### Required work
Nothing but an exact copy is asked for: the lines in the material below from the one with "Answer yes or no. No. Is Indigo" through the one with "Could you assist", pictures excluded.
***** Available data *****
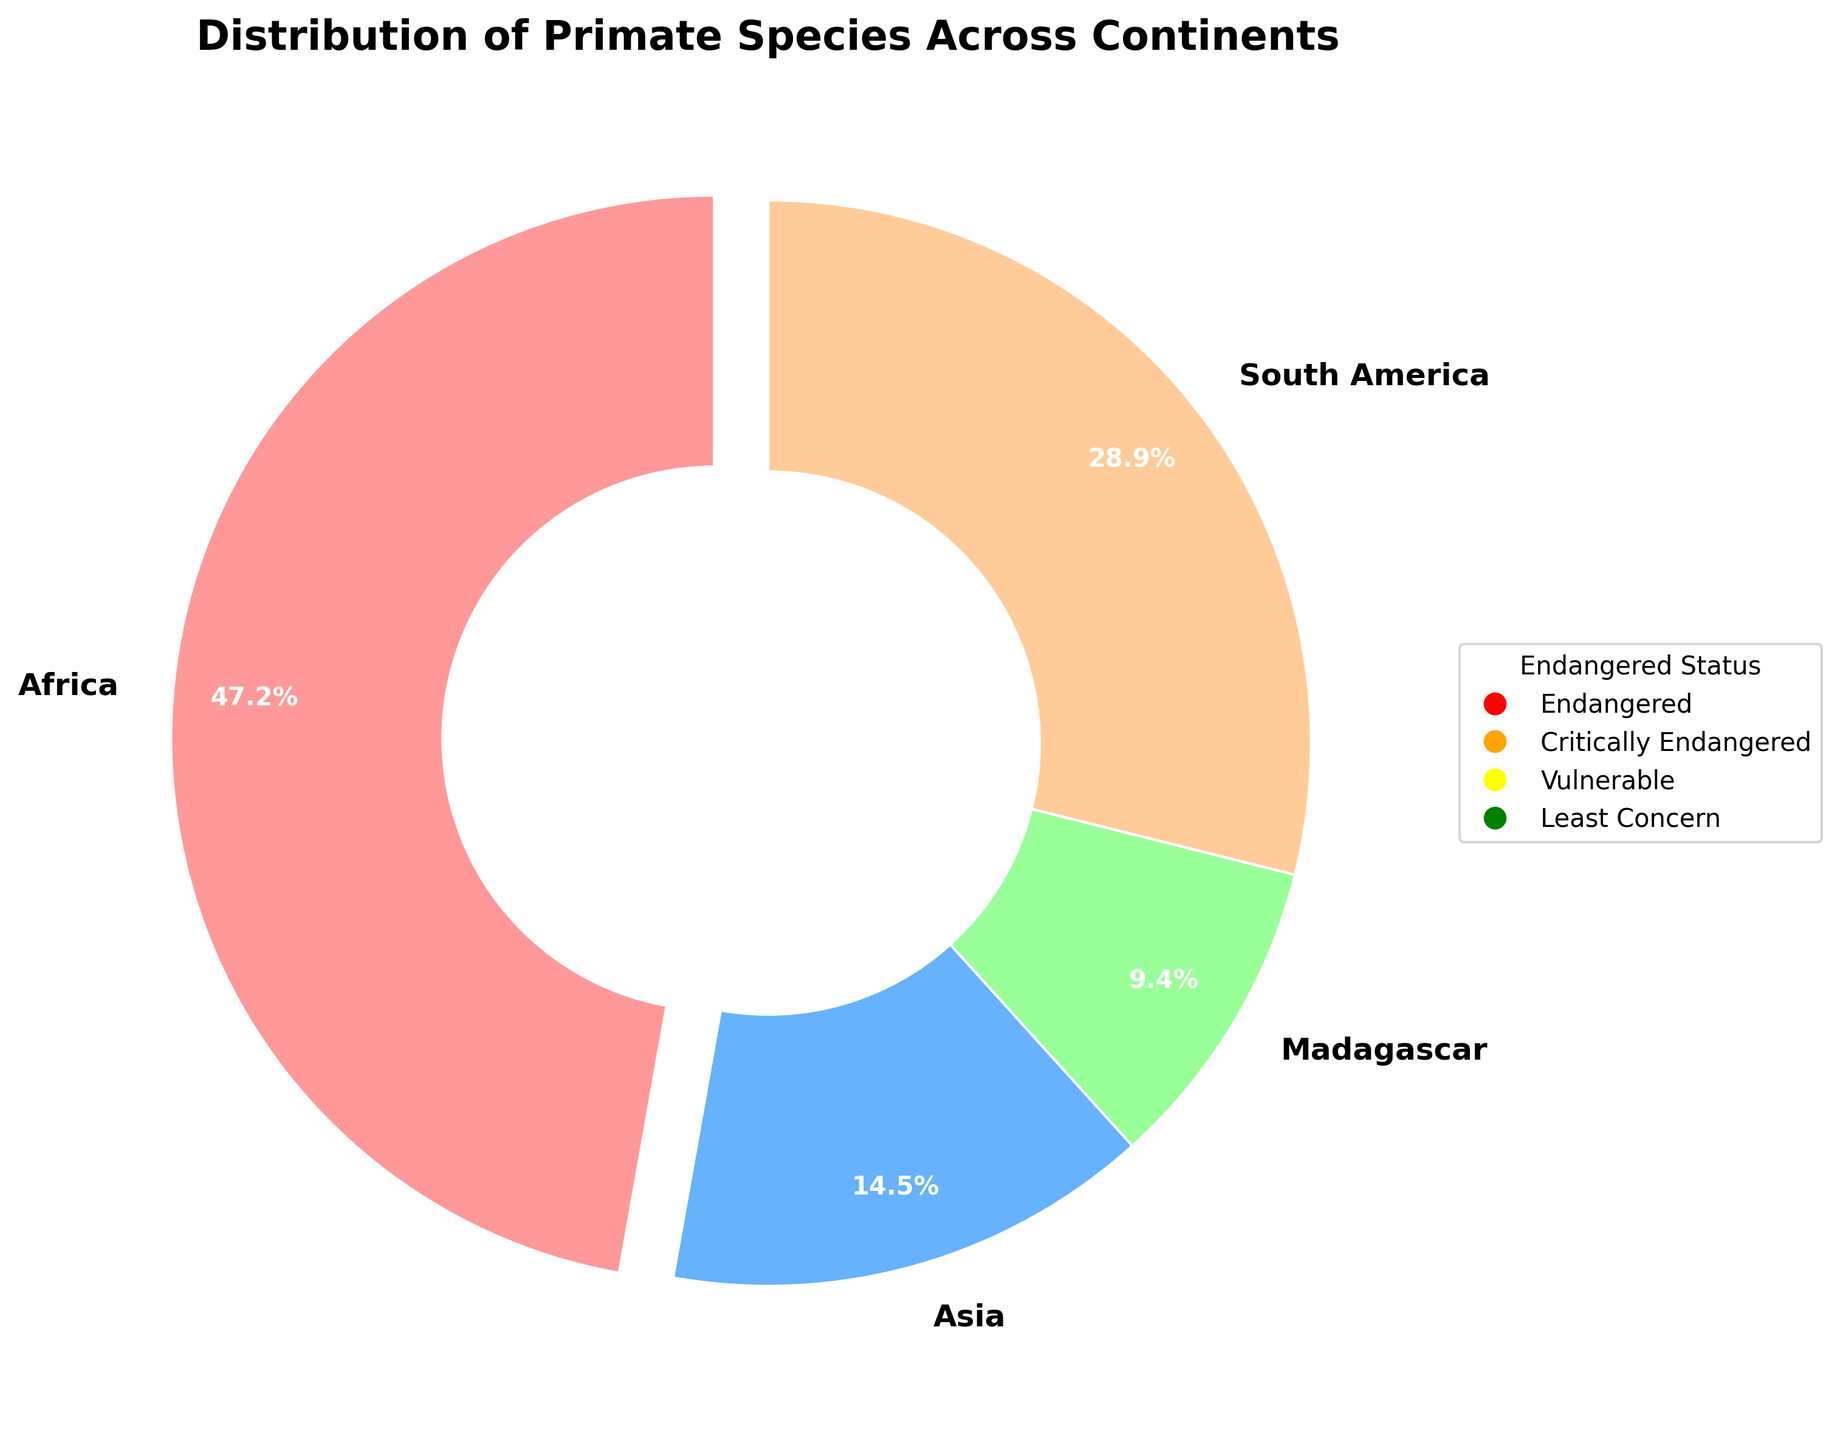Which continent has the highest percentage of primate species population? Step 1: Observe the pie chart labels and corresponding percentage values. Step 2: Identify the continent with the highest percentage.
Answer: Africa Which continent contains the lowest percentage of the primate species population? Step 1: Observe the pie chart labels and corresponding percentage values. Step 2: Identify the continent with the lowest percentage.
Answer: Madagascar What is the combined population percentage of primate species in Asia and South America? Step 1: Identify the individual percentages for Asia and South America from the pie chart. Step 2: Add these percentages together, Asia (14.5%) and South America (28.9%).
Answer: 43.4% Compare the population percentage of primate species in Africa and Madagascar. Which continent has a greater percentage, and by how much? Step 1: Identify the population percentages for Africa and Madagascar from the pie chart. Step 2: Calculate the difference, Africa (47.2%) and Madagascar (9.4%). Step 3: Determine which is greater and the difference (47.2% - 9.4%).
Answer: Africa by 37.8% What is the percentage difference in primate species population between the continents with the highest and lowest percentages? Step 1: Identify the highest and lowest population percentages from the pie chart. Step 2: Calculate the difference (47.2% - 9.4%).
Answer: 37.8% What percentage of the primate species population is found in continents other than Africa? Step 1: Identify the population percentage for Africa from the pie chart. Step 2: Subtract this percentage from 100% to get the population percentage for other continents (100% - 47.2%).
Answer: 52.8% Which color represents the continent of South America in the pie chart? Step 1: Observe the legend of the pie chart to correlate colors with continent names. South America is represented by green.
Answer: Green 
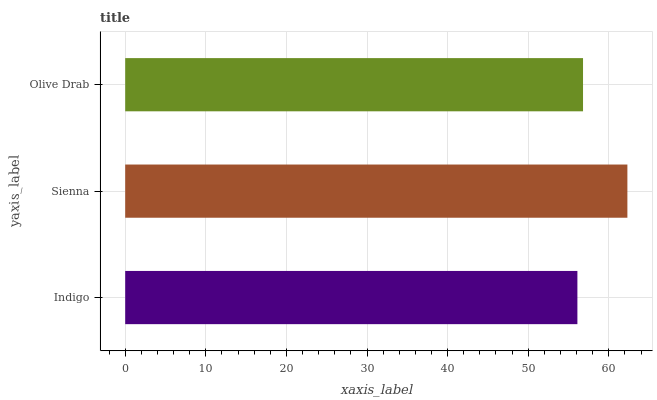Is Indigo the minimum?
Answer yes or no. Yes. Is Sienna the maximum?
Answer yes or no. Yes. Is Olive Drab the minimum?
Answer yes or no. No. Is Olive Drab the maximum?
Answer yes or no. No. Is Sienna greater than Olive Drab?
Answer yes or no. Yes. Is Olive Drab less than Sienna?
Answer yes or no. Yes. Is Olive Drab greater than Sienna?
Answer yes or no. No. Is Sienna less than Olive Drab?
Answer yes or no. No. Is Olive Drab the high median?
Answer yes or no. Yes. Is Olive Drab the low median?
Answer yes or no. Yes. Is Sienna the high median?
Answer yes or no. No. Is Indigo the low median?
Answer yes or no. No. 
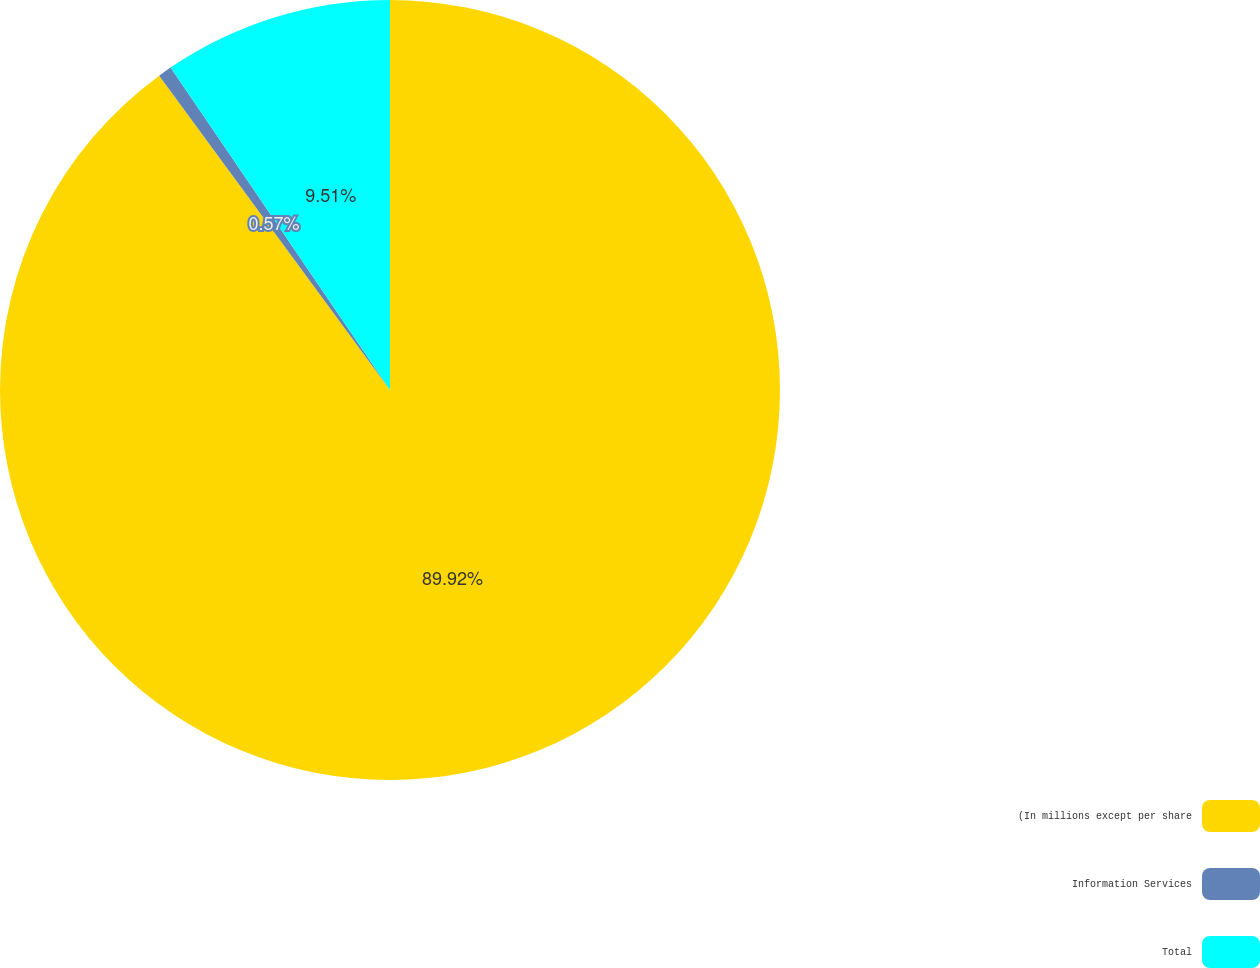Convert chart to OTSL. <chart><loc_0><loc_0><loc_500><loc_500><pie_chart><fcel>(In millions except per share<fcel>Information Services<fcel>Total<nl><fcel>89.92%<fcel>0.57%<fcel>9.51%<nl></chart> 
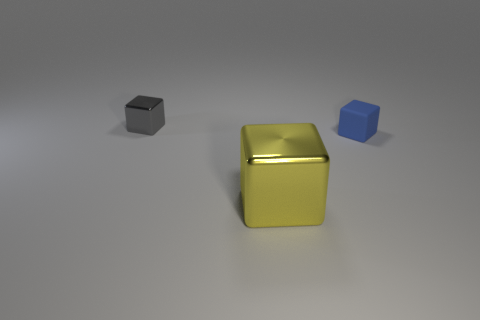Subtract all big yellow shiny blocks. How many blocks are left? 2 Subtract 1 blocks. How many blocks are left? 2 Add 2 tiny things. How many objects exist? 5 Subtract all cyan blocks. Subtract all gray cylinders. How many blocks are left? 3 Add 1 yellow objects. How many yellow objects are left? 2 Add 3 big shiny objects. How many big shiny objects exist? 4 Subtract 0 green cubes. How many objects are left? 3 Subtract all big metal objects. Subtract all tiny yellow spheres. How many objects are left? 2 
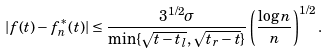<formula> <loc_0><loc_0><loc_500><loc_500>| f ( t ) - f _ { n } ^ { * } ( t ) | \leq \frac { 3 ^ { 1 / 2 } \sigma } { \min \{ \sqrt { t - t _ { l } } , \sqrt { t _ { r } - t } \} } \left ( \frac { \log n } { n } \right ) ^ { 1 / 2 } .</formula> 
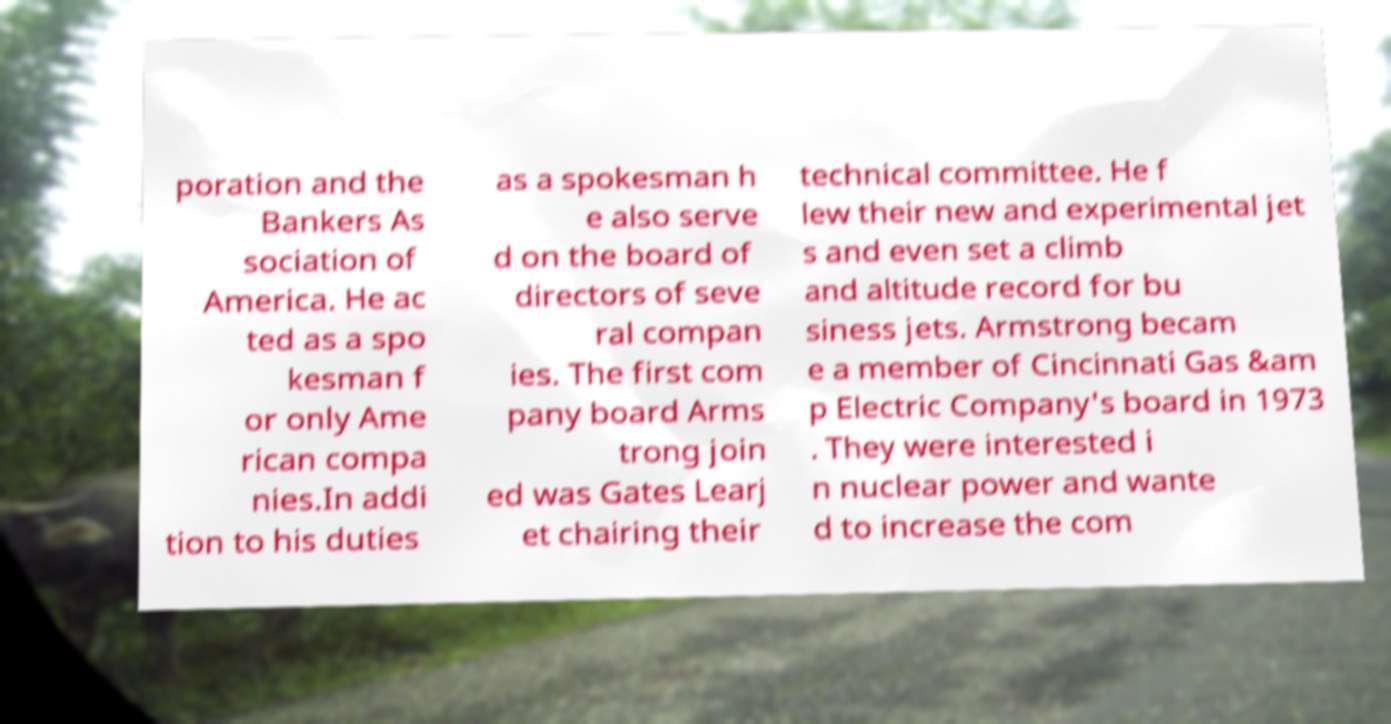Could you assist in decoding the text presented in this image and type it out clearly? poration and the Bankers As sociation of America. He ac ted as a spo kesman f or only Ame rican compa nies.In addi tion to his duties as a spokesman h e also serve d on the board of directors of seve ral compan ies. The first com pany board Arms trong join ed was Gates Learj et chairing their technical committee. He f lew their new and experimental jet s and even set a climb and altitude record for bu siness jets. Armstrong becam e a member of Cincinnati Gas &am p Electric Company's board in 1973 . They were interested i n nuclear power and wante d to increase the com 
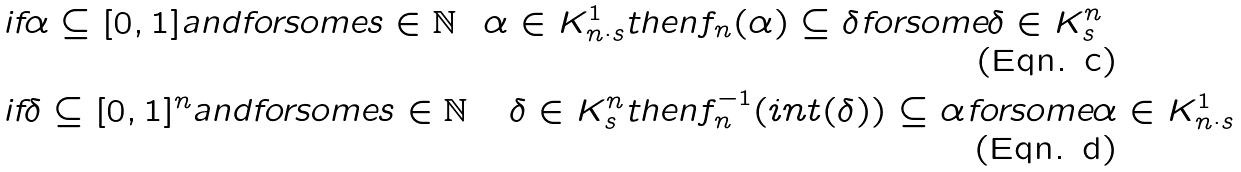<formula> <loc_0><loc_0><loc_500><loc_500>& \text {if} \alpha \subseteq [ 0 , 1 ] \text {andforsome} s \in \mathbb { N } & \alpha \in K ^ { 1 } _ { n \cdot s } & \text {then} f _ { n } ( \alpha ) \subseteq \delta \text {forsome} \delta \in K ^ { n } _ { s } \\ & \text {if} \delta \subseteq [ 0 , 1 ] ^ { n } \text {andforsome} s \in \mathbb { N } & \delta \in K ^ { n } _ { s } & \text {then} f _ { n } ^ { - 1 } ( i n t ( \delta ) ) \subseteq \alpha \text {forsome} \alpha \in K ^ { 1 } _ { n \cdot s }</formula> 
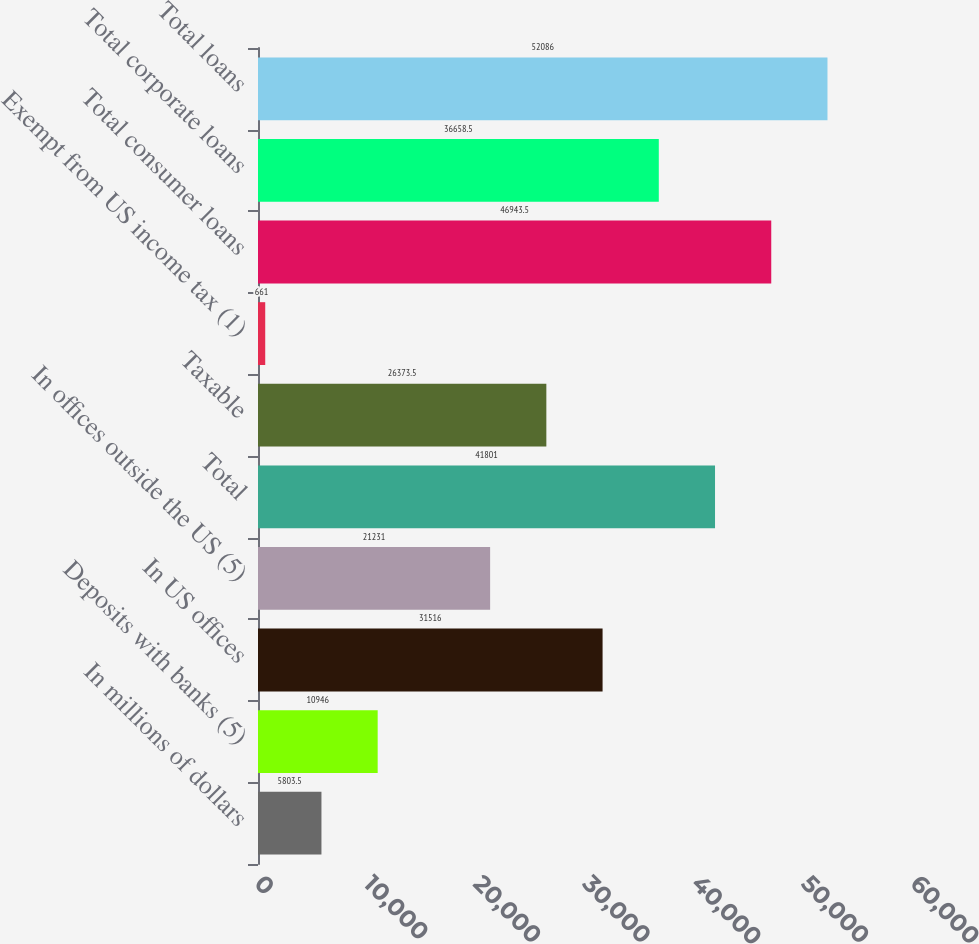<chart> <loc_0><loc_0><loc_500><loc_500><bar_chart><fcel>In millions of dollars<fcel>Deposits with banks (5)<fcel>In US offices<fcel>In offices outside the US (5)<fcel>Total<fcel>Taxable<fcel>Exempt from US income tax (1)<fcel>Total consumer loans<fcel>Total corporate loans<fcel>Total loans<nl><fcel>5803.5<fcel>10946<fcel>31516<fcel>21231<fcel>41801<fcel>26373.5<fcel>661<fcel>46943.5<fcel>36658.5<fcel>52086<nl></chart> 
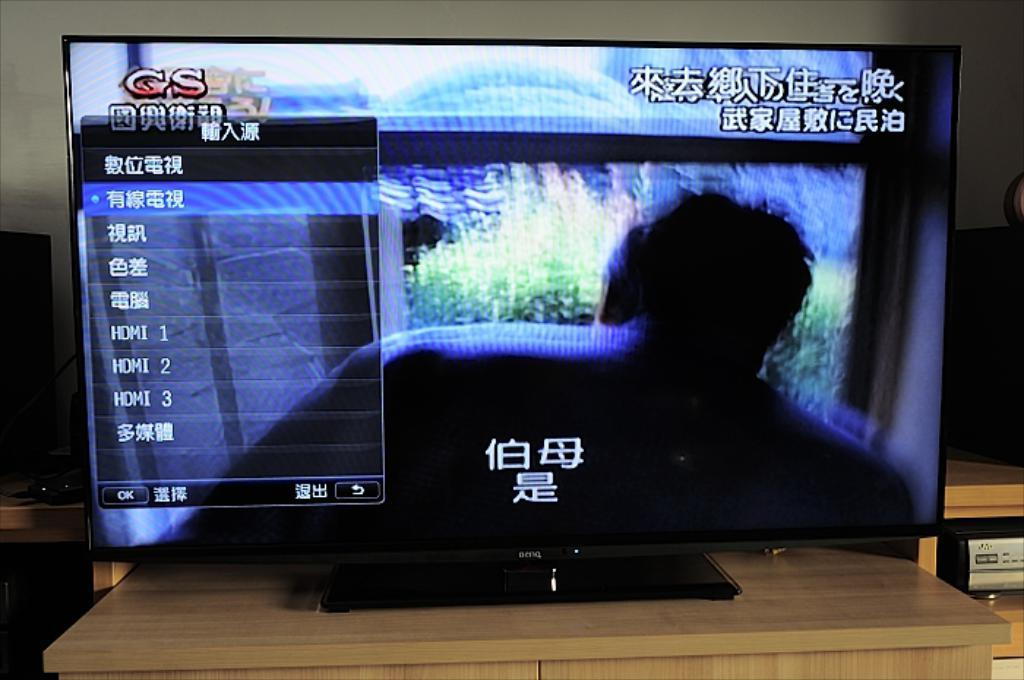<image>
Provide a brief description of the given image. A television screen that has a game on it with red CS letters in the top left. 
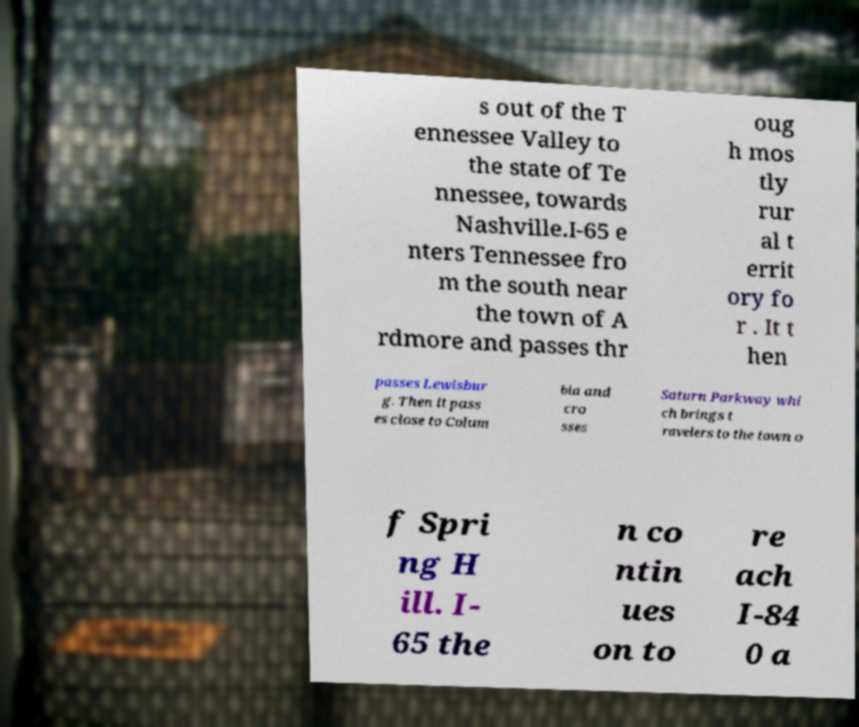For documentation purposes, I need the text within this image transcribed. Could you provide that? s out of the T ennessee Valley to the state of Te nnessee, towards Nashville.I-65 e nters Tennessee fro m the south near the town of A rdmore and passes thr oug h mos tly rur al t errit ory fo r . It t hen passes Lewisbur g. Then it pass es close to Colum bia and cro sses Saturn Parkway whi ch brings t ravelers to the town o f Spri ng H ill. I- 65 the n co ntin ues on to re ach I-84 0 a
*****
### Written response
Answer yes or no. No. Is Indigo the low median?
Answer yes or no. No. 
Convert chart to OTSL. <chart><loc_0><loc_0><loc_500><loc_500><pie_chart><fcel>(In millions except per share<fcel>Information Services<fcel>Total<nl><fcel>89.92%<fcel>0.57%<fcel>9.51%<nl></chart> 
Subtract all big yellow shiny blocks. How many blocks are left? 2 Subtract 1 blocks. How many blocks are left? 2 Add 2 tiny things. How many objects exist? 5 Subtract all cyan blocks. Subtract all gray cylinders. How many blocks are left? 3 Add 1 yellow objects. How many yellow objects are left? 2 Add 3 big shiny objects. How many big shiny objects exist? 4 Subtract 0 green cubes. How many objects are left? 3 Subtract all big metal objects. Subtract all tiny yellow spheres. How many objects are left? 2 
<formula> <loc_0><loc_0><loc_500><loc_500>| f ( t ) - f _ { n } ^ { * } ( t ) | \leq \frac { 3 ^ { 1 / 2 } \sigma } { \min \{ \sqrt { t - t _ { l } } , \sqrt { t _ { r } - t } \} } \left ( \frac { \log n } { n } \right ) ^ { 1 / 2 } .</formula> 
Could you assist in decoding the text presented in this image and type it out clearly? poration and the Bankers As sociation of America. He ac ted as a spo kesman f or only Ame rican compa nies.In addi tion to his duties as a spokesman h e also serve d on the board of directors of seve ral compan ies. The first com pany board Arms trong join ed was Gates Learj et chairing their technical committee. He f lew their new and experimental jet s and even set a climb and altitude record for bu siness jets. Armstrong becam e a member of Cincinnati Gas &am p Electric Company's board in 1973 . They were interested i n nuclear power and wante d to increase the com 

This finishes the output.